Melakukan (pembaharuan data) pemeruman kedalaman laut atau batimetri maupun topografi pantai untuk meningkatkan akurasi dari resolusi prediksi luasan daerah landaan tsunami. Indonesia saat ini mempunyai wahana dan lembaga/instansi riset dan survei yang sangat mendukung untuk upaya tersebut di atas, yang diperlukan sekarang ini hanyalah koordinasi. Kembali mengambil contoh Kota Padang sebagai obyek, terdapat empat hasil simulasi prediksi pengaruh gempa berkekuatan Mw 8,9. Dengan menggunakan input data topografi yang berbeda, yakni, SRTM (Shuttle Radar Topographic Mission) beresolusi kasar 1 kilometer, DSM (Digital Surface Model) beresolusi 2,5 meter, DTM (Digital Terrain Model) beresolusi 2,5 meter dan HRSC (High Resolve Stereographic Camera) beresolusi 50 meter.
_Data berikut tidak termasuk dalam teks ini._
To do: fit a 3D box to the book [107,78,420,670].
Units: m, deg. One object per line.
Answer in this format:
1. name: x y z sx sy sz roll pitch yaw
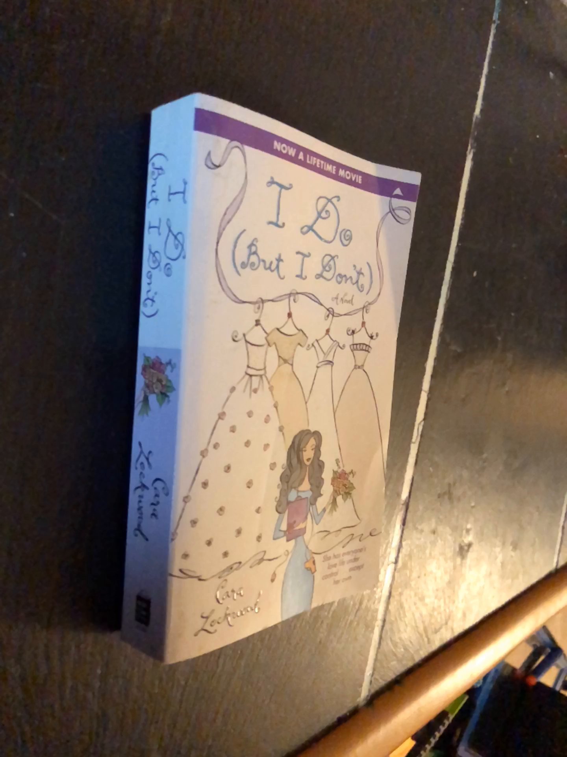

Ketiga data tersebut hasil akuisisi satelit, di mana ketinggian maksimum elevasi daratan pada DSM adalah hasil pantulan sinyal transmisi dari satelit terhadap atap bangunan/gedung dan puncak pepohonan. Pada DTM seluruh benda/bangunan/pepohonan di atas lapisan tanah telah dieliminasi.

Berbeda dengan data HRSC yang merupakan foto udara yang diakuisisi menggunakan pesawat udara sehingga berpresisi lebih tinggi. Tampak landaan tsunami secara signifikan tercipta dari input data HRSC dan DTM. Selain upaya pembaharuan data tersebut di atas, pengembangan berbagai metodologi untuk meningkatkan kinerja sistem peringatan dini juga penting. Salah satu contohnya dengan inovasi di bidang pemodelan (matematika) numerik untuk meningkatkan efisiensi komputasi dan akurasi simulasi model tsunami dalam rangka memproduksi basis data tsunami yang dilakukan oleh Pranowo (2010), dapat dilihat pada gambar dibawah ini. Diperlukan kesadaran dari komponen seluruh bangsa dari seluruh kalangan  utuk mewujudkan masyarakat yang hidup ramah dengan bencana  gempa dan tsunami. Bencana akan selalu ada, dan ini menuntut upaya tanggap waspada, guna memperkecil korban.